M. Camille Saint-Saëns est incontestablement le plus grand musicien de ce temps ; il n’a d’égal dans aucun pays. Âgé aujourd’hui de 76 ans, il offre le spectacle d’une activité intellectuelle que les années n’ont pas touchée. Quand on songe aux œuvres considérables que ce grand maître a écrites dans tous les genres de la musique, – musique de chambre, symphonies, musique dramatique, etc., – on se sent pris pour lui de la plus respectueuse admiration. Ajoutez à cela que sa curiosité intellectuelle est infatigable, et que, comme le disait si bien Hans de Bulow, « il n’est pas de monument artistique, de quelque pays ou époque que ce soit, que Saint-Saëns n’ait étudié à fond ». 

C’est à cette curiosité artistique que nous devons Déjanire.

M. Saint-Saëns a, en effet, toujours particulièrement affectionné les sujets antiques. N’est-il pas l’auteur de Phryné, d’Hélène, de Parysatis, des Barbares, et, dans le domaine symphonique, de la Jeunesse d’Hercule et du Rouet d’Omphale ?

Il était donc tout indiqué qu’il fût tenté par la légende de Déjanire.

Celle-ci, primitivement, avait fait l’objet d’une tragédie de Louis Gallet pour l’objet d’une tragédie de Louis Gallet pour laquelle M. Saint-Saëns avait écrit des chœurs et des préludes.
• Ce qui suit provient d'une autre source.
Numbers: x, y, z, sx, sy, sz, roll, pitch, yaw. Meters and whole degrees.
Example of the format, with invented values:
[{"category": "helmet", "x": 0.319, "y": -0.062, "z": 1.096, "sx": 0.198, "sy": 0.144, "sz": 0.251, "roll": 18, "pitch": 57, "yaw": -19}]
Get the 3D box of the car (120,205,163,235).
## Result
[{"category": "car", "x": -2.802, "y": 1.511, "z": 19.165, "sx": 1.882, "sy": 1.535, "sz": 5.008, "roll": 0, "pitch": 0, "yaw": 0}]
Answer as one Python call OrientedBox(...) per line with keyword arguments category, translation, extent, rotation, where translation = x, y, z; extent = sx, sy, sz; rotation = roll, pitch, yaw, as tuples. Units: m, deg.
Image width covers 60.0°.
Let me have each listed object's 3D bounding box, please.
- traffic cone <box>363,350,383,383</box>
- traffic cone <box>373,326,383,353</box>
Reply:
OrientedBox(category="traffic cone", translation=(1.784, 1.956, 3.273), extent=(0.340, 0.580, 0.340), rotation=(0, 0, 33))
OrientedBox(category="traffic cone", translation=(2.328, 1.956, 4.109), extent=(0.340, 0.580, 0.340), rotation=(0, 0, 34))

L’œuvre fut représentée aux Arènes de Béziers et obtint un succès triomphal. Puis elle fut jouée à Paris au théâtre de l’Odéon.

C’est cette tragédie de Louis Gallet que M. Saint-Saëns a lui-même remaniée avec le goût littéraire le plus sûr, et qu’il a transformée en opéra en quatre actes dont voici, très brièvement raconté, le sujet : 

Après avoir longtemps combattu glorieusement, Hercule est venu à Œchalie chercher un repos bien gagné. Il a auprès de lui sa captive Iole, fille du roi Eurytos qu’il a tué. Il aime Iole, mais il ignore que la jeune fille, à son tour, aime Philoctète et qu’elle en est aimée.
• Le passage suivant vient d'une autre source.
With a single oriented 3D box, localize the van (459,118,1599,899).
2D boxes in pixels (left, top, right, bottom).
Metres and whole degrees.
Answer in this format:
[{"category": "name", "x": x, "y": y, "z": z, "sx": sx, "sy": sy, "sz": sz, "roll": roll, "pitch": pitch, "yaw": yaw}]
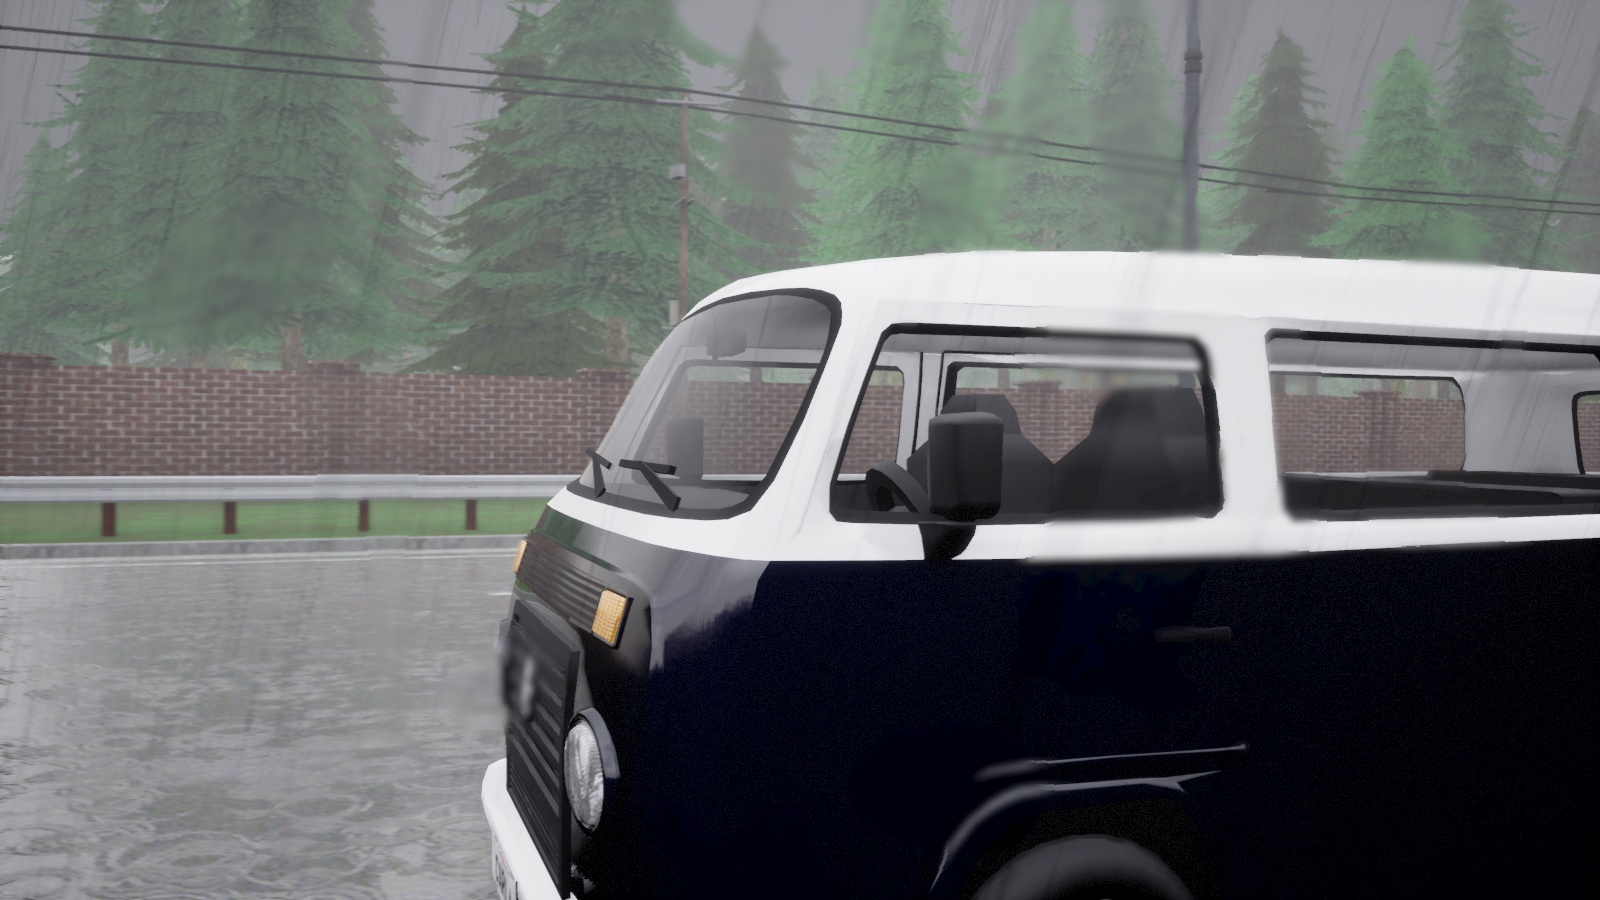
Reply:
[{"category": "van", "x": 1.406, "y": 0.445, "z": 3.770, "sx": 4.480, "sy": 2.038, "sz": 2.069, "roll": -1, "pitch": 1, "yaw": -21}]

Hercule veut épouser Iole malgré les sages et terribles avertissements de Phenice, la prophétesse, et répudier Déjanire. Celle-ci supplie son époux, le menace, puis semble accepter son malheureux sort. Mais il n’en est rien. Elle est décidée à empêcher Hercule d’épouser Iole, de tuer Philoctète en qui il a reconnu un rival, et de la chasser, elle Déjanire. Pour atteindre son but, elle apporte à Hercule un redoutable présent : la tunique de Nessus qui, dès que le héros l’a revêtue, le fait périr dans les plus atroces souffrances. Hercule prendra place parmi les Dieux de l’Olympe.
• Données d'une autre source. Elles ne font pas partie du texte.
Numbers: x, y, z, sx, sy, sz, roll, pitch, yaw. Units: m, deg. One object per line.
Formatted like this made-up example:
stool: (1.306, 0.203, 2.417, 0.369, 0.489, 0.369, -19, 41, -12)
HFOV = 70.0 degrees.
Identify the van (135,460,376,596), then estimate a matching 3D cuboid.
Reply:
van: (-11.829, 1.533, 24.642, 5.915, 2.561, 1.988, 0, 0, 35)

Tel est le drame sur lequel M. Saint-Saëns a écrit la partition la plus noble et la plus élevée. L’œuvre repose sur des assises musicales de la qualité la plus rare. Nulle trame symphonique n’est plus solide et à la fois plus légère que celle de ces quatre actes qu’il faut admirer sans réserves. Les personnages de Déjanire, d’Hercule sont dessinés par M. Saint-Saëns avec la plus puissante émotion, et, quant à celui d’Iole, il est empreint de la grâce la plus pénétrante. Les danses, fort bien réglées, contiennent des rythmes exquis. Enfin, l’orchestration de M. Saint-Saëns reste ce qu’elle a toujours été, c’est-à-dire admirable. La maîtrise de ce grand musicien est incomparable.

L’interprétation mérite tous les éloges : Mme Litvinne a fait de Déjanire une création magnifique. Elle s’y manifeste chanteuse merveilleuse et tragédienne pleine d’intelligence et d’émotion. M. Muratore est un Hercule plein de fougue et de passion. Mlle Yvonne Gall est une Iole gracieuse et touchante. Citons encore Mlle Charny et M. Dangès qui complètent un excellent ensemble.

La direction de l’Opéra a monté l’ouvrage de M. Saint-Saëns avec un goût parfait. Et M. André Messager conduit l’œuvre de son maître avec un soin et une fidélité dans l’expression qui en font pleinement valoir toute la beauté et toute la noblesse. 

Albert MONTEL.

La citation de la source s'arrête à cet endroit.